#### [Task requirements]
Begin at the line containing "table_cell X [879, 426, 1152, 458]" in the data below and go on through the line containing "table_cell None [606, 724, 878, 756]", repeating each line exactly; include both ends and no other line.

#### [Entries provided]
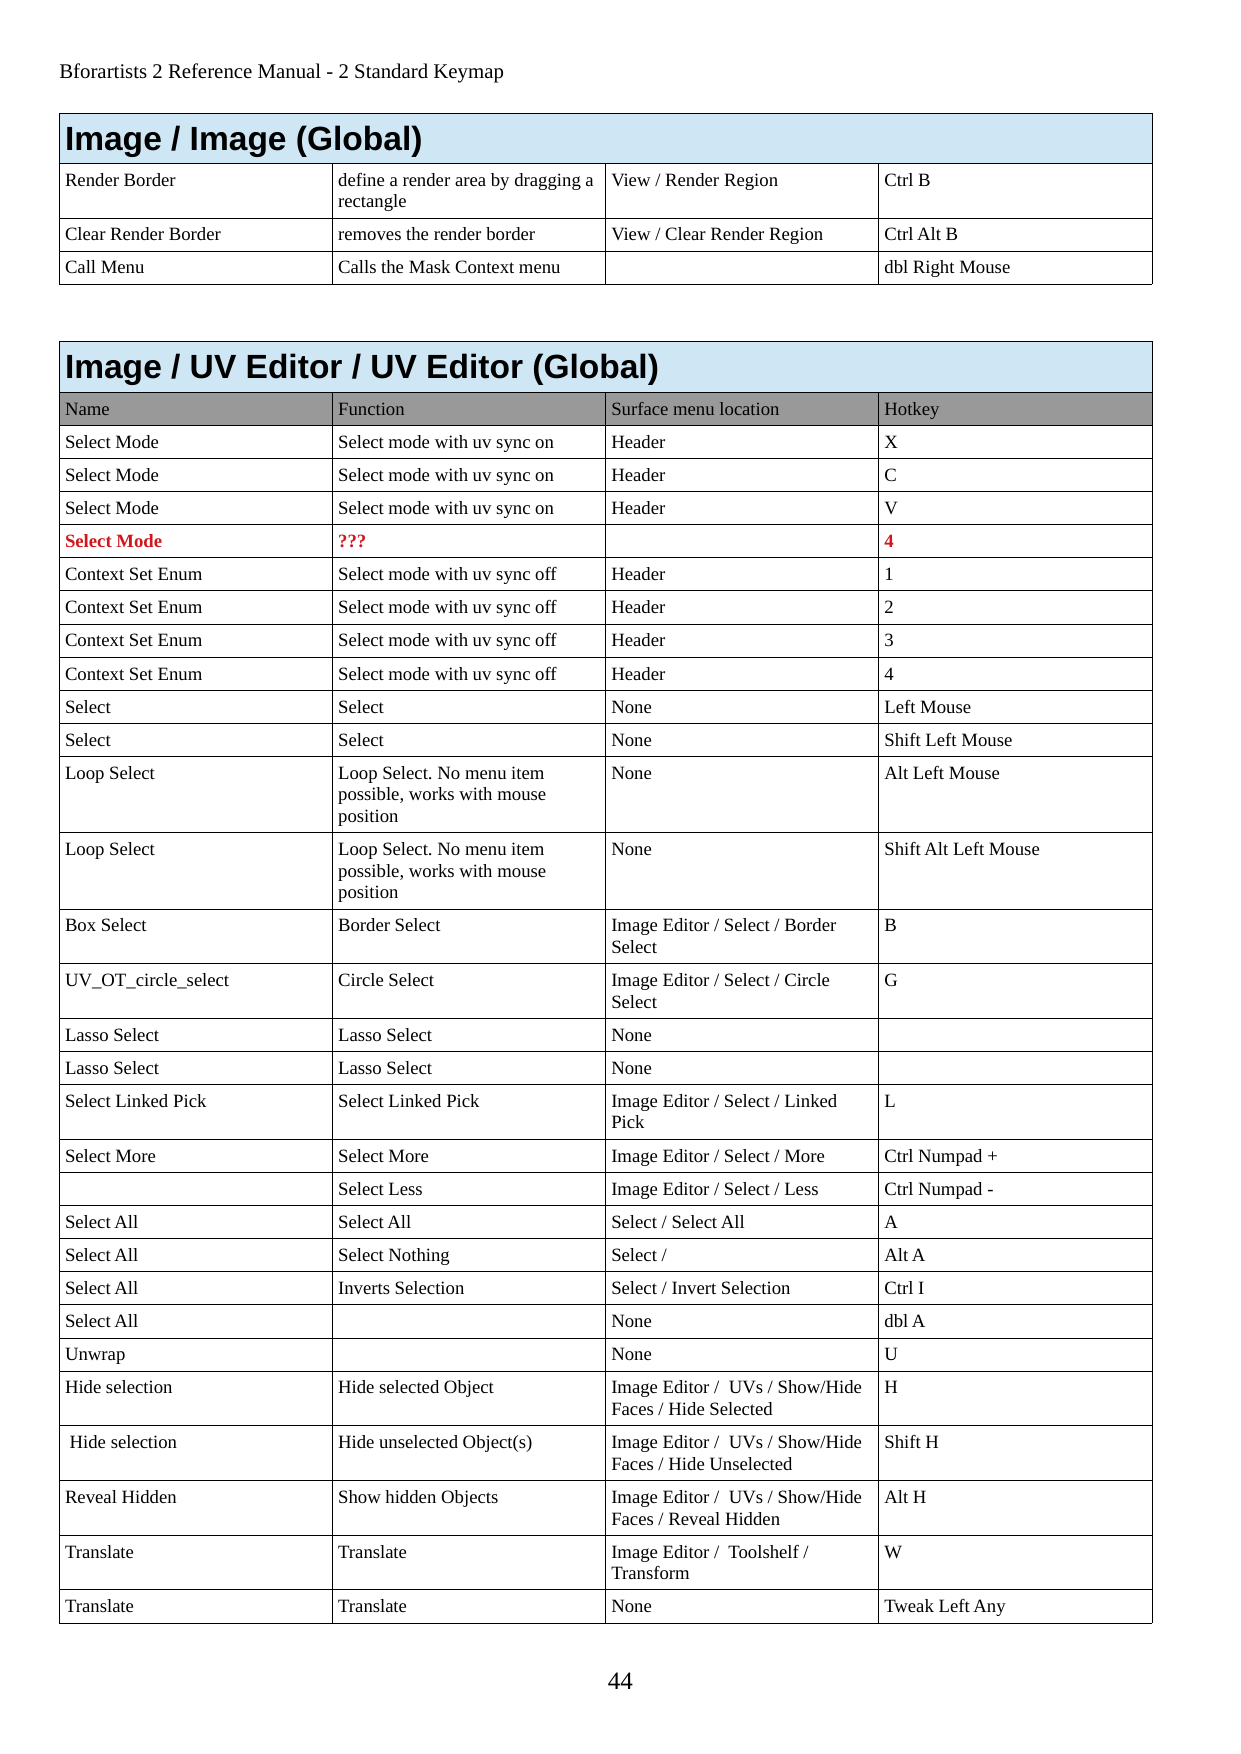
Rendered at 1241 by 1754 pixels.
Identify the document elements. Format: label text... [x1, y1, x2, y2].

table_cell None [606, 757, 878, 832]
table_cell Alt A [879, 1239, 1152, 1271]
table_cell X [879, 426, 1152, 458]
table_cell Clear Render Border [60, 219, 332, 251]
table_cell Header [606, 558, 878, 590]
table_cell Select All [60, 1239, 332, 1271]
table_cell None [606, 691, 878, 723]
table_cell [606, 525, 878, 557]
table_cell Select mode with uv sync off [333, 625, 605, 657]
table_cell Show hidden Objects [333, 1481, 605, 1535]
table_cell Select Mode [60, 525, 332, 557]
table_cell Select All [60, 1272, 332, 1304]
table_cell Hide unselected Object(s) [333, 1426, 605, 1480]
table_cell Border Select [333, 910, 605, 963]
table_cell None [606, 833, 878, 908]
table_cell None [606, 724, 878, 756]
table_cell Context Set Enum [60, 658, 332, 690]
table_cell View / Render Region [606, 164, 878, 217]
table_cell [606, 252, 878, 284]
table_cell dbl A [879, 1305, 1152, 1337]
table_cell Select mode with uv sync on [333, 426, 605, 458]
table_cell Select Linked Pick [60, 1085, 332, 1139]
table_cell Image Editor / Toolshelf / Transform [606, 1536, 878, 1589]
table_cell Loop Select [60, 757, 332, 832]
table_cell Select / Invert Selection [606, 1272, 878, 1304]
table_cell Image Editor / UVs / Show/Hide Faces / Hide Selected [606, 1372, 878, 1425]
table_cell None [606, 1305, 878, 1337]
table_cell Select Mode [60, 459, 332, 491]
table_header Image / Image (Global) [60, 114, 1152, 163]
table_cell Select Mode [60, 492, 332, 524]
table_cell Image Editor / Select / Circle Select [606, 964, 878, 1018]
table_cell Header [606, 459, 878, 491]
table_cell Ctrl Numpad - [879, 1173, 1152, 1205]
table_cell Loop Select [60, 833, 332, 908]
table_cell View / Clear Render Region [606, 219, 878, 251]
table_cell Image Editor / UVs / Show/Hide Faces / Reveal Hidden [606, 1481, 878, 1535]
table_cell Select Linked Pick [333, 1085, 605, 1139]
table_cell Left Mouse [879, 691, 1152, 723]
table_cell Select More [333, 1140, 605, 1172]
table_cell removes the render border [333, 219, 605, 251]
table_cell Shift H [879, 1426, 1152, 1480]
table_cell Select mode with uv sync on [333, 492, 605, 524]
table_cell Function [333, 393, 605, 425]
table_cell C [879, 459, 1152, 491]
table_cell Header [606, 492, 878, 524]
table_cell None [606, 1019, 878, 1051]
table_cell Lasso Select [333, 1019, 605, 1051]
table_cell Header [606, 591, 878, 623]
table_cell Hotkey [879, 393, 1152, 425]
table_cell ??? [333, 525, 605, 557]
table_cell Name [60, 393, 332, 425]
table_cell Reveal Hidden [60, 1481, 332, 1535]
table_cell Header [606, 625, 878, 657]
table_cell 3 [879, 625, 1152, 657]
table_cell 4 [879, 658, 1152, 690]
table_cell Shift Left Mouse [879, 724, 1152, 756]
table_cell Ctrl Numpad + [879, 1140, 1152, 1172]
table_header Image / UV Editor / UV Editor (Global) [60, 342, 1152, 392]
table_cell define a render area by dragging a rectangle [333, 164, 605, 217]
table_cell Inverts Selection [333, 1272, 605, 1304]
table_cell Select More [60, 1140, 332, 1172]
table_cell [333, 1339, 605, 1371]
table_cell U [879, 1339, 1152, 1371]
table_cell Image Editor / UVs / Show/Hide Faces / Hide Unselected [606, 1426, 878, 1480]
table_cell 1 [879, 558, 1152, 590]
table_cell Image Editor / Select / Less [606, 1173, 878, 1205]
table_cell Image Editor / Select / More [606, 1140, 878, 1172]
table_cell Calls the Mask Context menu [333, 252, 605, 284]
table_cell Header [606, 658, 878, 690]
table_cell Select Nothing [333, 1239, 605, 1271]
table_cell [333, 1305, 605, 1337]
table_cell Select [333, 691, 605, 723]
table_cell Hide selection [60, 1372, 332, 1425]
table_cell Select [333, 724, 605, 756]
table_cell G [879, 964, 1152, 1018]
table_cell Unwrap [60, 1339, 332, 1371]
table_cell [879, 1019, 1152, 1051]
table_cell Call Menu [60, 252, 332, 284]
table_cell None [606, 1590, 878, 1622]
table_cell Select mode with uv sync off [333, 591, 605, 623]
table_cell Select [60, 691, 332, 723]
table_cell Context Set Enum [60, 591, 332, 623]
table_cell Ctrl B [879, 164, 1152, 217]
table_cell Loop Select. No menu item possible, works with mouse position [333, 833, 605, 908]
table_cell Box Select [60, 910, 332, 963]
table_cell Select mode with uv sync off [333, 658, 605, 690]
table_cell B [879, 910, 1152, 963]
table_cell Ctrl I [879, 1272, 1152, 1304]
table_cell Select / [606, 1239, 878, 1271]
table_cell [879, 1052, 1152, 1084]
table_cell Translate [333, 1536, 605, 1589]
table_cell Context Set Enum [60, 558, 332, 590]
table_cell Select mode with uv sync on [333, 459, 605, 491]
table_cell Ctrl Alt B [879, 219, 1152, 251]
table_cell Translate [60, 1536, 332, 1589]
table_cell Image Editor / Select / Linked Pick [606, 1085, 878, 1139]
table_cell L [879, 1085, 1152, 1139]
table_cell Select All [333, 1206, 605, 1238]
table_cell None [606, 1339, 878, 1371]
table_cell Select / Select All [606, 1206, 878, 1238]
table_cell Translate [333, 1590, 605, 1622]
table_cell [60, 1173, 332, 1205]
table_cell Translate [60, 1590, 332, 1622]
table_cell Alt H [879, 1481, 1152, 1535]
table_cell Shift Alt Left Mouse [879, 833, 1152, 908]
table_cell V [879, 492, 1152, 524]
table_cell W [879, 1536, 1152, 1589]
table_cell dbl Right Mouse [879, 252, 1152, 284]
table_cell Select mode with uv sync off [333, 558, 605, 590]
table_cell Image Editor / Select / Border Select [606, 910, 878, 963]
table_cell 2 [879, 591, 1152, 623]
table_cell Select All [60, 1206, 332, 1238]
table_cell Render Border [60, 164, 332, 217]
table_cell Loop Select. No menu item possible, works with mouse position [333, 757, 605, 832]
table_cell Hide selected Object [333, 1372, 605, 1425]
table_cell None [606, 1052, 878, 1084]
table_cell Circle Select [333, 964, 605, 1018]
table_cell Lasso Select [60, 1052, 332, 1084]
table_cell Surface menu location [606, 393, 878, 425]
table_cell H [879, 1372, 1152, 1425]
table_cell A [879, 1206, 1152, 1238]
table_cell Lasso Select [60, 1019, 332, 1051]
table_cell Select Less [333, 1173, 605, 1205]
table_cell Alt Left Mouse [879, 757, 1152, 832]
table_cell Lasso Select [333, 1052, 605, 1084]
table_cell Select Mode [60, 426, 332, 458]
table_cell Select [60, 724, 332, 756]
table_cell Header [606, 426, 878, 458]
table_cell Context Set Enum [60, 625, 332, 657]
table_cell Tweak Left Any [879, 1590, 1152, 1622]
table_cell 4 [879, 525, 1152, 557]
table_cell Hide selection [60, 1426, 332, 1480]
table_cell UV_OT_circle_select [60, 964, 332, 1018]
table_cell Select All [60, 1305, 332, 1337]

#### [Answer space]
table_cell X [879, 426, 1152, 458]
table_cell Clear Render Border [60, 219, 332, 251]
table_cell Header [606, 558, 878, 590]
table_cell Select All [60, 1239, 332, 1271]
table_cell None [606, 691, 878, 723]
table_cell [606, 525, 878, 557]
table_cell Select mode with uv sync off [333, 625, 605, 657]
table_cell Show hidden Objects [333, 1481, 605, 1535]
table_cell Select Mode [60, 525, 332, 557]
table_cell Select All [60, 1272, 332, 1304]
table_cell Hide unselected Object(s) [333, 1426, 605, 1480]
table_cell Border Select [333, 910, 605, 963]
table_cell None [606, 833, 878, 908]
table_cell None [606, 724, 878, 756]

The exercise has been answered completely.